Toby Jones goes to Italy to work on the sound effects of a cheap horror film. Toby Jones doesn't really like the cheap horror film. Toby Jones spends so much time on the film he gets confused about what's real and what's not. Toby Jones loses his marbles. Toby Jones sprouts sixteen legs and an extra head, turns himself inside out and recites the Gettysburg Address over and over again to a crowd of crabs all wearing boxing gloves.
If I'm being honest, not all of those things happen in Berberian Sound Studio, but they might as well have done. Peter Strickland's arthouse pondering over the effect of film on an audience, and particularly their complicity in the creation of onscreen violence, is two thirds unsettling monotony and one third all-out Lynchian weirdery. As a whole it's an atmospheric and unnerving mood piece, but its themes are buried beneath layers of wilfully obscure, audience-dividing mentalism that will either win you over or turn you off completely.

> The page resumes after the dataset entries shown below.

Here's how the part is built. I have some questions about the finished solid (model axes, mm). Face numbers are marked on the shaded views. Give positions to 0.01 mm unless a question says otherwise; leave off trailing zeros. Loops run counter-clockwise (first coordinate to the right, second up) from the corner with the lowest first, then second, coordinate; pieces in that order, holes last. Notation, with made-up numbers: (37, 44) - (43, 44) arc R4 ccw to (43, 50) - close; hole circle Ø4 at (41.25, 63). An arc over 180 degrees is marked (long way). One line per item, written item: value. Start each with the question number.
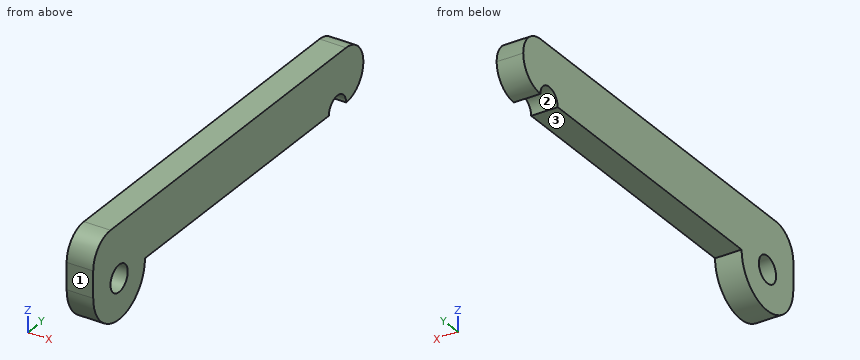
Autodesk Inventor part; units mm, degrees
ref_plane "YZ Plane" through (0, 0, 0) normal (1, 0, 0) x (0, 1, 0)
ref_plane "XZ Plane" through (0, 0, 0) normal (0, 1, 0) x (-1, 0, 0)
ref_plane "XY Plane" through (0, 0, 0) normal (0, 0, 1) x (1, 0, 0)
sketch "Sketch1" plane through (0, 0, 0) normal (1, 0, 0) x (0, 1, 0)
  line L0 (-4.5, 3) -> (4.5, 3)
  line L1 (4.5, 3) -> (4.5, -3)
  line L2 (4.5, -3) -> (-4.5, -3)
  line L3 (-4.5, -3) -> (-4.5, 3)
  line L4 (-4.5, 3) -> (4.5, -3) construction
  line L5 (4.5, 3) -> (-4.5, -3) construction
  circle A0 centre (0, -3) radius 4.5
  point P0 (0, 0)
  dimension "d0" = 9
  dimension "d1" = 6
  dimension "d2" = 9
extrude "Extrusion1" add sketch "Sketch1" along normal blind 3
sketch "Sketch2" plane through (3, 0, 0) normal (1, 0, 0) x (0, 0, -1)
  line L0 (3, 4.5) -> (-3, 4.5)
  line L1 (-3, 4.5) -> (-3, 42.5)
  line L2 (-3, 42.5) -> (3, 42.5)
  line L3 (3, 42.5) -> (3, 4.5)
  point P0 (0, 0)
  dimension "d5" = 6
  dimension "d6" = 38
extrude "Extrusion2" add sketch "Sketch2" against normal blind 3
sketch "Sketch3" plane through (3, 0, 0) normal (1, 0, 0) x (0, 0, -1)
  arc A0 (3, -4.5) -> (3, 4.5) centre (3, 0) ccw
  circle A1 centre (3, 0) radius 1.5
  point P0 (0, 0)
  dimension "d9" = 3
extrude "Extrusion3" cut sketch "Sketch3" against normal blind 3
fillet "Fillet1" radius 3 3 edges at (1.5, -4.5, 3) (1.5, 42.5, 3) (1.5, 42.5, -3)
sketch "Sketch4" plane through (0, 0, 0) normal (-1, 0, 0) x (0, 0, 1)
  circle A0 centre (-3, 38) radius 1.5
  circle A1 centre (-3, 0) radius 1.5
  point P0 (0, 0)
  dimension "d13" = 3
  dimension "d14" = 38
extrude "Extrusion4" cut sketch "Sketch4" against normal blind 3 contours A0
properties part number "Battery holder"
(1) Will these pins go through, and if not, where does the flat tip stop? pin 1 (1.5 mm diameter, centred on x = 1, z = -2, fed in from +Y); pin 2 (1.5 mm diameter, centred on x = 1, y = 19, fed in from -Z).
(2) If we mould it in two halves opening along Y, with no side actions, what happens to the marked faces 1, 2 and 3? For each: pulls with the +Y half, pulls with the -Y half, needs draft (parallel to the pull), parting line crosses it, or undercut.
(3) Please list where these lines run through material, in increasing order: probe 1 along Z at (x, y) = (0.75, 31.5); probe 2 along Y at (x, z) = (0.6, -2); probe 3 along Z at (x, y) = (0.5, 1). Write a range as from..to.
(4) If we section it at B-B on y = 7.5: List the corners of the cut face in (x, z) for me.
(5) If we section it at C-C on z = -6.25: List the corners of the cut face in (x, y) for me, plus the area to 3 significant figures.
Found:
1. pin 1: y = 42.23
1. pin 2: z = -3
2. face 1: pulls with the -Y half
2. face 2: undercut
2. face 3: needs draft
3. probe 1: -3..3
3. probe 2: -4.5..-1.12, 1.12..36.88, 39.12..41.74
3. probe 3: -7.39..-4.12, -1.88..3
4. outline: (0, -3) - (3, -3) - (3, 3) - (0, 3) - close
5. outline: (0, -3.11) - (3, -3.11) - (3, 3.11) - (0, 3.11) - close
5. area: 18.7 mm^2

Crammed with period detail and with an understated but typically fantastic performance from ToJo, the film is a joy to look at, and its sound design is necessarily inspired; as its subject matter demands, it's more of a sensory experience than an easily-digestible story. If that's your bag, knock yourself out. Everyone else, Total Recall is also out this week and whichever you choose, I make no judgement upon you.
I thoroughly enjoyed the intro of this post and I must admit, the film would have likely fared better with your plot. It certainly wouldn't be monotonous.